The company has grown far beyond its e-commerce label into a societal juggernaut with power that we should not trust it will wield responsibly, not when the goal is to make a buck.
Status Update
There’s a high likelihood this is all for naught, and Amazon profiles will whither in obscurity like countless other Amazon products (who remembers that the company offers smart glasses?), or it will suffer from lackluster quality. Amazon’s website feels intentionally clunky, and it wasn’t intuitive navigating profiles, Idea Lists, or followers.
But it’s easy to imagine how the company could allow you to add friends, display what TV shows and movies you enjoy and own, share your birthday wish list, discuss the latest Taylor Swift album, show off your vacation photos, publish and promote your new sci-fi novel, livestream video games, sell your textbooks, and more, all while making Amazon a cash-demanding middle man.
Think about what could be:
You buy an Amazon product, and Amazon makes money. You buy a non-Amazon product, and Amazon still makes money. You buy from a third-party seller, and Amazon still makes some money.
You create an Idea List, and Amazon collects your data. You start a movie but don’t finish it, and Amazon collects that data, too.
Amazon then uses that information to sell its products to you, and then charges others to access that data to also advertise to you. Amazon also uses that data to create movies, shows, and books better geared toward a general audience.
All while Amazon controls what you see on its site.
Stir all those ingredients into a warm pot of unrestrained capitalism and you have a new delicious form of sanitized social media ready for a rabid consumer base looking for something new. The only thing Amazon is missing is the conversation, and adding it could make it vastly more central to our lives than Facebook could ever hope to be.

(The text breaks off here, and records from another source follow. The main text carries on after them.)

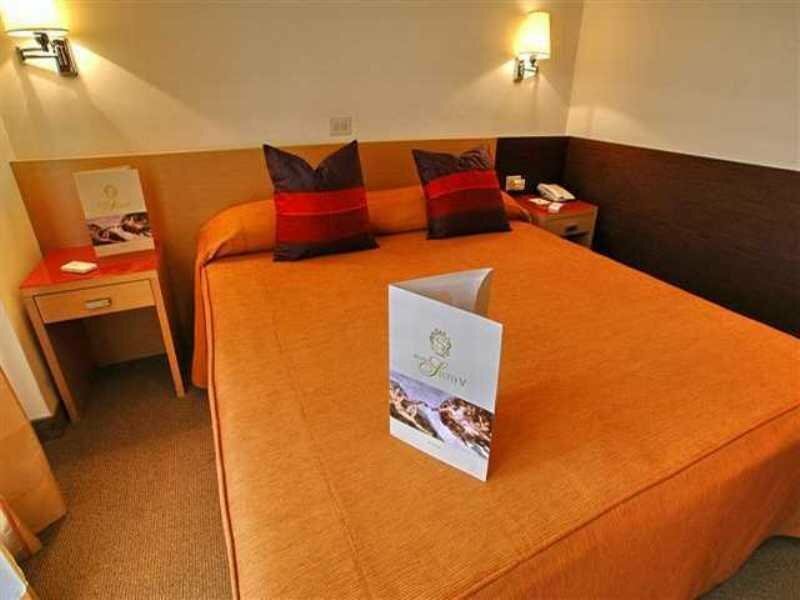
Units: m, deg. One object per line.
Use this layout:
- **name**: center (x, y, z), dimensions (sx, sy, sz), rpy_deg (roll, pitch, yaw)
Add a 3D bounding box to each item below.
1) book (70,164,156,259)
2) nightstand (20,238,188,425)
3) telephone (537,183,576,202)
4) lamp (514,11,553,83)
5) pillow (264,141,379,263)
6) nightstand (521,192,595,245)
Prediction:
- **book**: center (-1.443, -0.432, 2.608), dimensions (0.351, 0.482, 0.137), rpy_deg (-18, 23, -28)
- **nightstand**: center (-1.465, 0.138, 2.681), dimensions (0.587, 0.745, 0.487), rpy_deg (-10, 24, -17)
- **telephone**: center (1.112, -0.759, 3.651), dimensions (0.177, 0.074, 0.178), rpy_deg (-9, 30, -32)
- **lamp**: center (0.881, -1.605, 3.313), dimensions (0.341, 0.403, 0.207), rpy_deg (-19, 28, -34)
- **pillow**: center (-0.415, -0.480, 2.654), dimensions (0.562, 0.584, 0.301), rpy_deg (-10, 32, -21)
- **nightstand**: center (1.009, -0.519, 3.368), dimensions (0.354, 0.315, 0.207), rpy_deg (-17, 39, -24)
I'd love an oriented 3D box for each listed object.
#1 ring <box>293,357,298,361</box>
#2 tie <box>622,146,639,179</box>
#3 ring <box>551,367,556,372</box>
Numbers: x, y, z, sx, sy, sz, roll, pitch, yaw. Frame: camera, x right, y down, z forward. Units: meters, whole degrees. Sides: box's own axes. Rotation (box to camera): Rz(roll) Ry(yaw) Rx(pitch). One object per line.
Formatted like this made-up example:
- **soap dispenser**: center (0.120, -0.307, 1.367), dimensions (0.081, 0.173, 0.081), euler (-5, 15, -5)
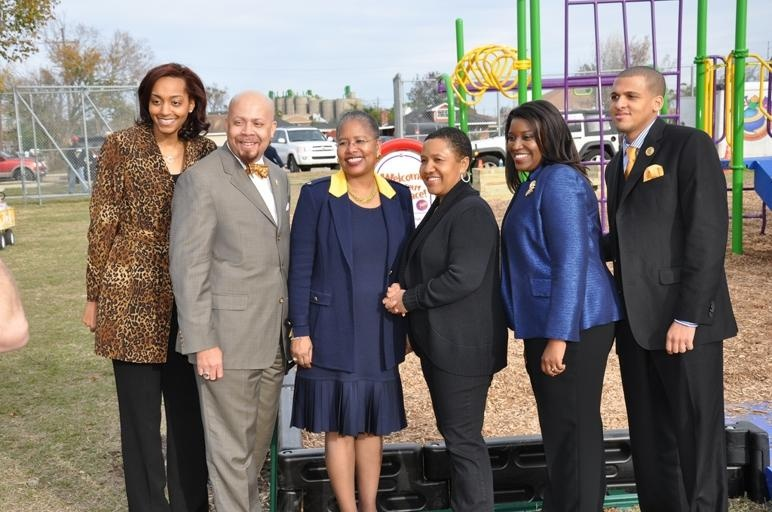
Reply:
- **ring**: center (-0.645, 0.735, 5.712), dimensions (0.030, 0.029, 0.052), euler (0, -13, -13)
- **tie**: center (1.621, -0.626, 5.415), dimensions (0.104, 0.179, 0.041), euler (1, -7, 45)
- **ring**: center (1.075, 0.736, 5.245), dimensions (0.028, 0.029, 0.010), euler (0, 10, 12)
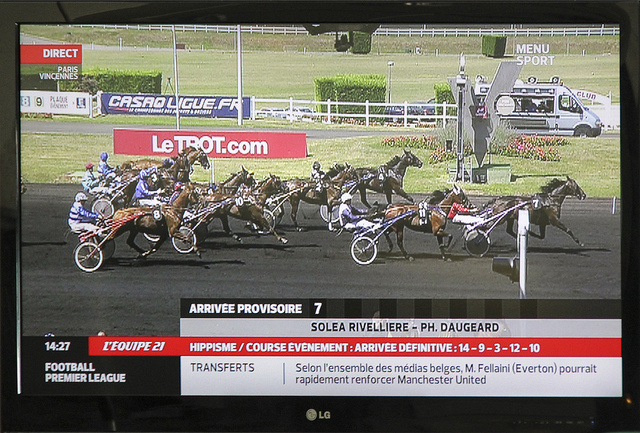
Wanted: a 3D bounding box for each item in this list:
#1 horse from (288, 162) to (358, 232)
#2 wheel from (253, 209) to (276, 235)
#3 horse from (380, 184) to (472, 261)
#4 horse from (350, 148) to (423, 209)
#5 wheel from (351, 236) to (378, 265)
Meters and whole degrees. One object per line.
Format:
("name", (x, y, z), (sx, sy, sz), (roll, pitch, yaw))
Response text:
("horse", (-0.014, -0.106, 7.070), (0.538, 0.383, 0.122), (-6, 4, 22))
("wheel", (-0.319, 0.032, 6.951), (0.150, 0.143, 0.036), (14, 0, 1))
("horse", (0.610, 0.038, 7.080), (0.665, 0.465, 0.150), (-1, -1, 28))
("horse", (0.337, -0.203, 7.093), (0.610, 0.352, 0.134), (-2, -1, 28))
("wheel", (0.261, 0.206, 7.084), (0.164, 0.160, 0.162), (-3, -11, 0))
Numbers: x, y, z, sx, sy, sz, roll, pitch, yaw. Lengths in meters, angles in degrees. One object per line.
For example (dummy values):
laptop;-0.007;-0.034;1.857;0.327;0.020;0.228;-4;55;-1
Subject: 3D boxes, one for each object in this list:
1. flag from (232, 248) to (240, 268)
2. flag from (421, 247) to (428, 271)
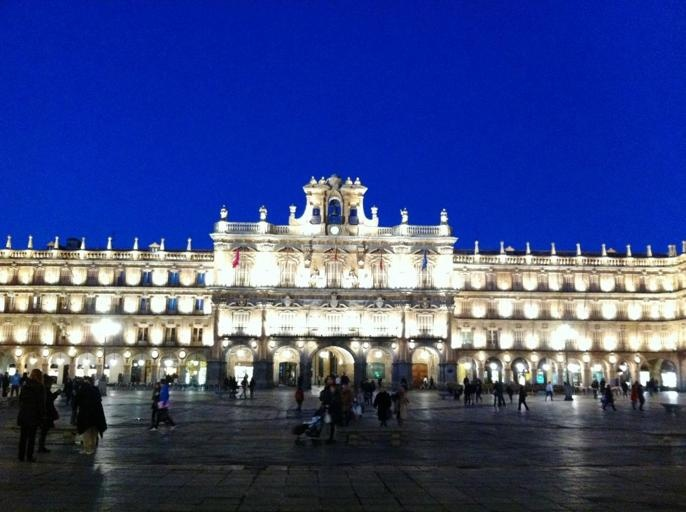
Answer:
flag;-9.588;0.209;78.769;0.693;1.678;1.083;-1;-12;-6
flag;7.466;0.359;79.752;0.578;1.761;1.550;-2;-12;-3
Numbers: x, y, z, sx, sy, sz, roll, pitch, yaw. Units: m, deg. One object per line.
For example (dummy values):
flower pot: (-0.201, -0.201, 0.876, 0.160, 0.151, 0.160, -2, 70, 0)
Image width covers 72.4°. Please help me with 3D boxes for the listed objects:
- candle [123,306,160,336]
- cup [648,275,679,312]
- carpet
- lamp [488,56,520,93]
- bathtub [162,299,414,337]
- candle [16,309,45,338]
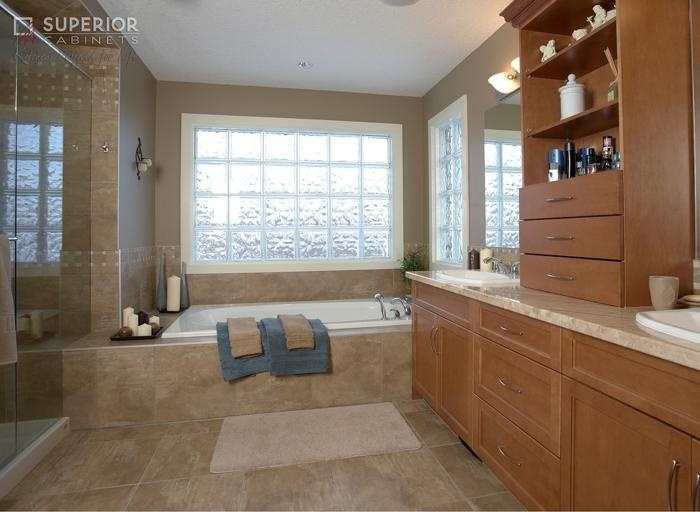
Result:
candle: (-1.578, 0.516, 3.616, 0.211, 0.161, 0.263, 3, 1, 12)
cup: (1.400, 0.187, 2.205, 0.135, 0.161, 0.145, 2, -6, 0)
carpet: (-0.236, 1.190, 3.214, 1.304, 0.027, 0.613, -2, 14, -9)
lamp: (1.143, -1.307, 3.488, 0.258, 0.138, 0.192, -20, 0, -1)
bathtub: (-0.607, 0.537, 4.434, 1.441, 0.206, 0.693, -1, 7, -12)
candle: (-1.972, 0.423, 2.945, 0.103, 0.194, 0.193, -1, 4, -6)
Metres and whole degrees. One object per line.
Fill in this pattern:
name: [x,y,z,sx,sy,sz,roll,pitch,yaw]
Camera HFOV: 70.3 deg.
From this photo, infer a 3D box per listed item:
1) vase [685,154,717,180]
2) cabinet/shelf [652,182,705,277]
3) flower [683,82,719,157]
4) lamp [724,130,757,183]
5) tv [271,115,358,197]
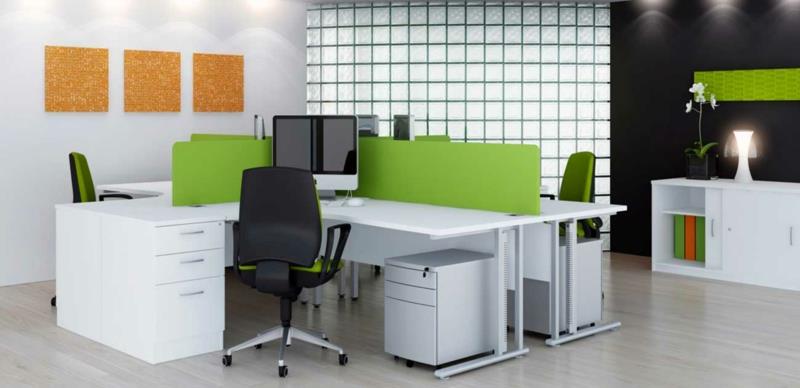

It also makes Amazon as dangerous as Facebook, if not more so, to online digital decentralization, democratization, and diversity. Zukerburg’s social media giant has enormous sway over content producers around the world, charging access to its 2.7-billion users. Amazon’s dominance in e-commerce could result in the same gatekeeping, though on a grander scale, pushing out controversial and competitive publishers, stores, products, and streamers.
Amazon is a content producer, retailer, product manufacturer, and software developer, and Amazon profiles could help tie all those services and products into an inescapable online behemoth. Increased calls from both sides of the political spectrum to reform how the internet works—Section 230 in particular—could give Amazon and other tech giants further control over an internet they need to survive as they declare that only they are the arbiters of a safe and secure internet.
Amazon’s social media ambitions could be far below those of what I could imagine them be, though it’d seem like a missed opportunity if Amazon doesn’t try to dethrone Facebook, and take over the world.
P.S. Amazon should change “Idea Lists” to “IdeaLists.” That one’s free.